12k+6 gives you a quartic [4 -4 2 -2 1] natively, or you can do the substitution to turn it into a quadratic and then change X and scale to get a sextic (which must be better than a quartic at >180 digits); 20k+10 gives you an octic which turns into a quartic and is annoying at >180 digits.

Have I missed anything out?[/QUOTE]

I may have missed something. For example, for 2,1914M we get a
quartic: [4,4,2,2,1] with root 2^159 . This becomes a quadratic
x^2 + 2x - 2 with root 2^160 + 2^-159. To turn this into a sextic
we make the substitution z^6 = x^2 giving z^6 + 2z^3 - 2, but
the root is now z=(2^160 + 2^-159)^1/3. Computing a cube root
mod N is as hard as factoring N itself. How do you suggest computing this
cube root?

fivemack 2007-10-05 19:42

Good point about the cube root; I hadn't thought what was happening on the linear side, and just remembered that the quadratic for x^3-1 can be turned trivially into a sextic. Sorry to have raised your hopes about 2,1914M.
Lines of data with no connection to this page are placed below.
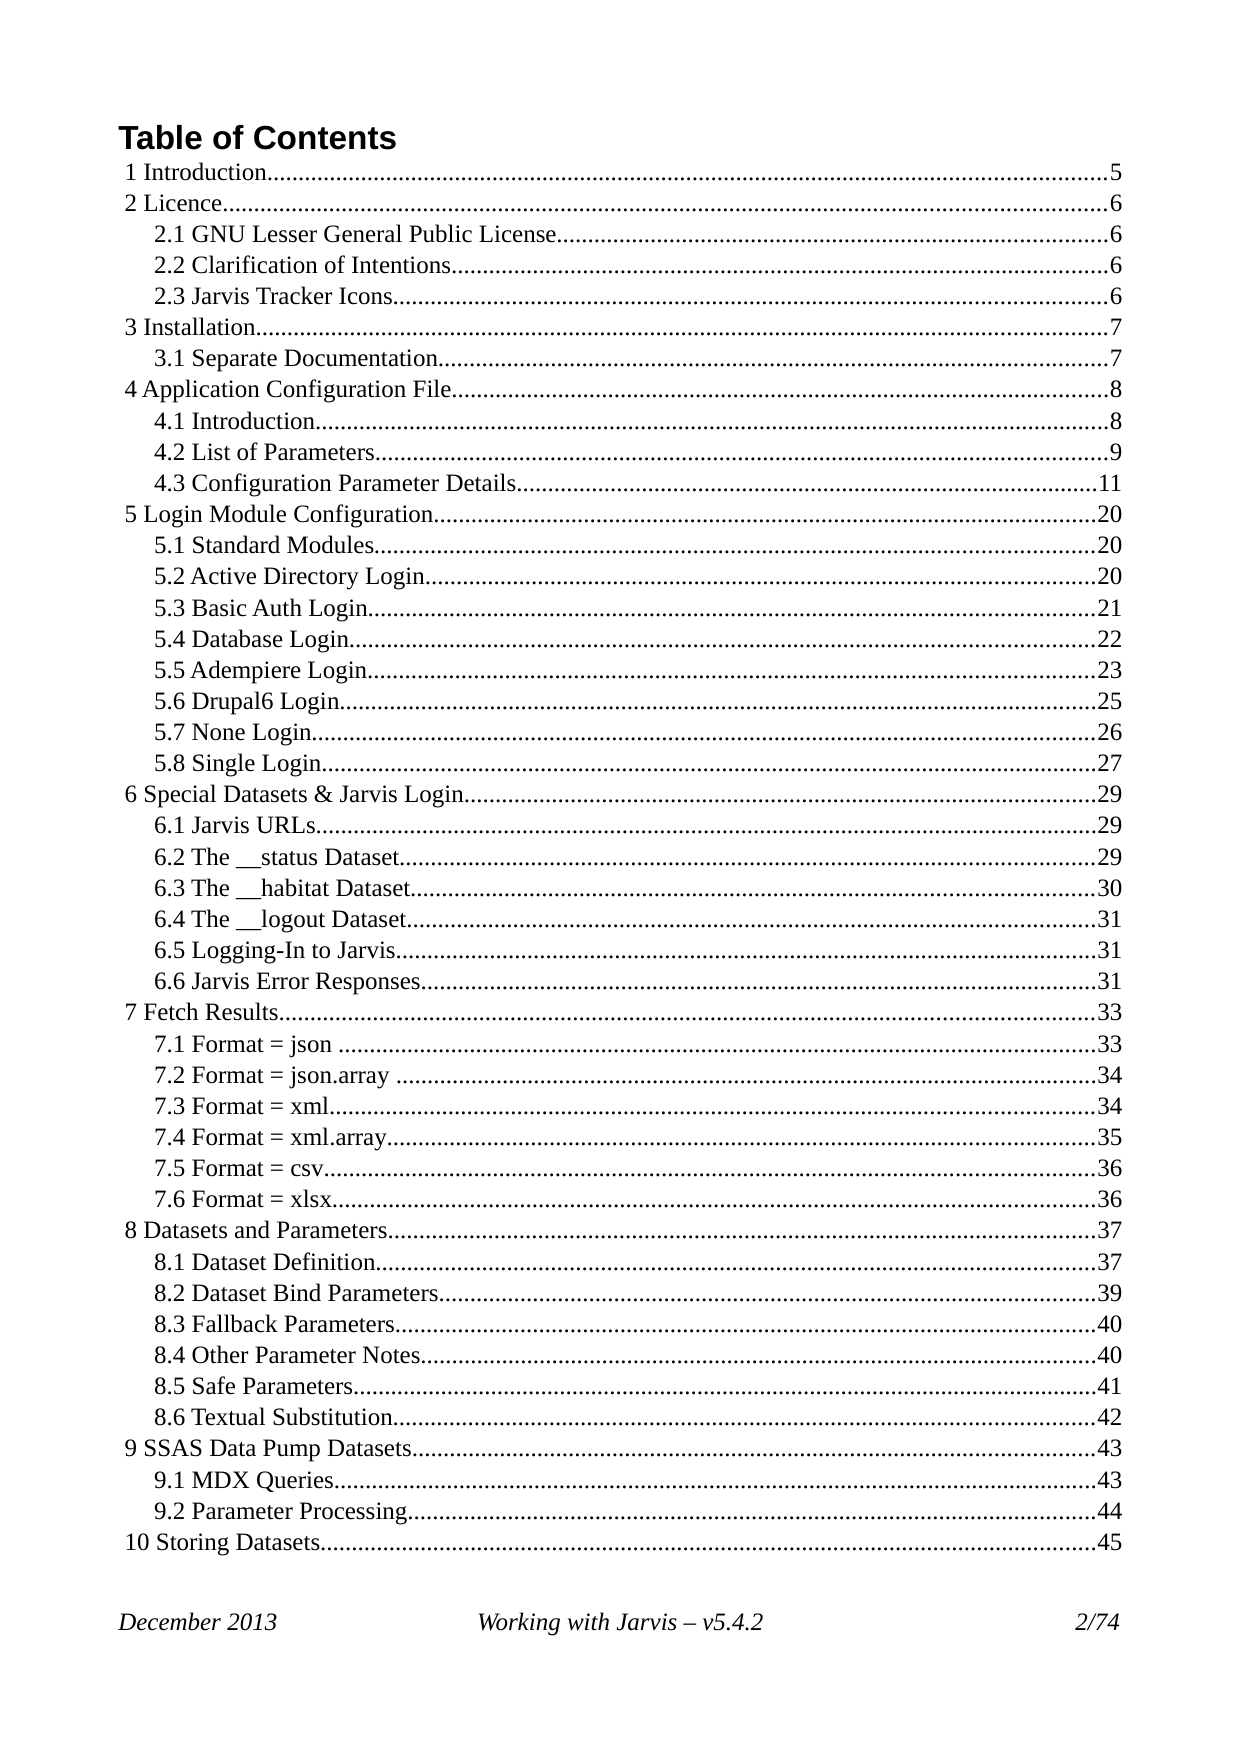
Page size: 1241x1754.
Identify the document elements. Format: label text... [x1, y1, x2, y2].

text 2.2 Clarification of Intentions 6 [148, 250, 1122, 279]
text 4.3 Configuration Parameter Details 11 [148, 468, 1122, 497]
text 5.1 Standard Modules 20 [148, 530, 1122, 559]
text 7.3 Format = xml 34 [148, 1091, 1122, 1120]
text 9 SSAS Data Pump Datasets 43 [118, 1433, 1122, 1462]
text 8.4 Other Parameter Notes 40 [148, 1340, 1122, 1369]
text 6.2 The __status Dataset 29 [148, 842, 1122, 871]
text 4.2 List of Parameters 9 [148, 437, 1122, 466]
text 2.1 GNU Lesser General Public License 6 [148, 219, 1122, 248]
text 6.1 Jarvis URLs 29 [148, 811, 1122, 839]
text 3.1 Separate Documentation 7 [148, 343, 1122, 372]
text 7.2 Format = json.array 34 [148, 1060, 1122, 1088]
text 2 Licence 6 [118, 188, 1122, 216]
text 9.1 MDX Queries 43 [148, 1465, 1122, 1493]
text 5.7 None Login 26 [148, 717, 1122, 746]
text 5.3 Basic Auth Login 21 [148, 593, 1122, 621]
text 7.5 Format = csv 36 [148, 1153, 1122, 1182]
text 4 Application Configuration File 8 [118, 374, 1122, 403]
text 5.8 Single Login 27 [148, 748, 1122, 777]
text 5 Login Module Configuration 20 [118, 499, 1122, 528]
text 5.6 Drupal6 Login 25 [148, 686, 1122, 715]
text 6.3 The __habitat Dataset 30 [148, 873, 1122, 902]
text 3 Installation 7 [118, 312, 1122, 341]
text 8.5 Safe Parameters 41 [148, 1371, 1122, 1400]
text 7.4 Format = xml.array 35 [148, 1122, 1122, 1151]
text 8.2 Dataset Bind Parameters 39 [148, 1278, 1122, 1307]
subtitle Table of Contents [118, 118, 1122, 157]
text 6.5 Logging-In to Jarvis 31 [148, 935, 1122, 964]
text 2.3 Jarvis Tracker Icons 6 [148, 281, 1122, 310]
text 7.1 Format = json 33 [148, 1029, 1122, 1057]
text 7.6 Format = xlsx 36 [148, 1184, 1122, 1213]
text 6.6 Jarvis Error Responses 31 [148, 966, 1122, 995]
text 5.4 Database Login 22 [148, 624, 1122, 652]
text 5.5 Adempiere Login 23 [148, 655, 1122, 684]
text 8.3 Fallback Parameters 40 [148, 1309, 1122, 1338]
text 8 Datasets and Parameters 37 [118, 1216, 1122, 1244]
text 1 Introduction 5 [118, 157, 1122, 185]
text 4.1 Introduction 8 [148, 406, 1122, 434]
text 9.2 Parameter Processing 44 [148, 1496, 1122, 1524]
text 6 Special Datasets & Jarvis Login 29 [118, 779, 1122, 808]
text 8.1 Dataset Definition 37 [148, 1247, 1122, 1275]
text 6.4 The __logout Dataset 31 [148, 904, 1122, 933]
text 7 Fetch Results 33 [118, 997, 1122, 1026]
text 8.6 Textual Substitution 42 [148, 1402, 1122, 1431]
text 10 Storing Datasets 45 [118, 1527, 1122, 1556]
text 5.2 Active Directory Login 20 [148, 561, 1122, 590]

Going through, 2,1962M is actually managing to use the factor nine by working with the factorisation of 2^18*x^36+1 ... I didn't expect that to be possible. Cool.

[in the past you've occasionally posted things here suggesting that you don't have access to computational algebra; I'm doing all of this with pari/gp, which is conveniently free software, though I'm sure you've got hold of that yourself]

bdodson 2007-10-08 09:12

[QUOTE=bdodson;115372]That was quick; 6, 284+ wins. (Unless ECMNET gets
a factor within the week.) Suppose 6,292+ would serve
as a replacement for a poll. If that one wins next, the
768-bit list would be down to four last base-7's. -bd[/QUOTE]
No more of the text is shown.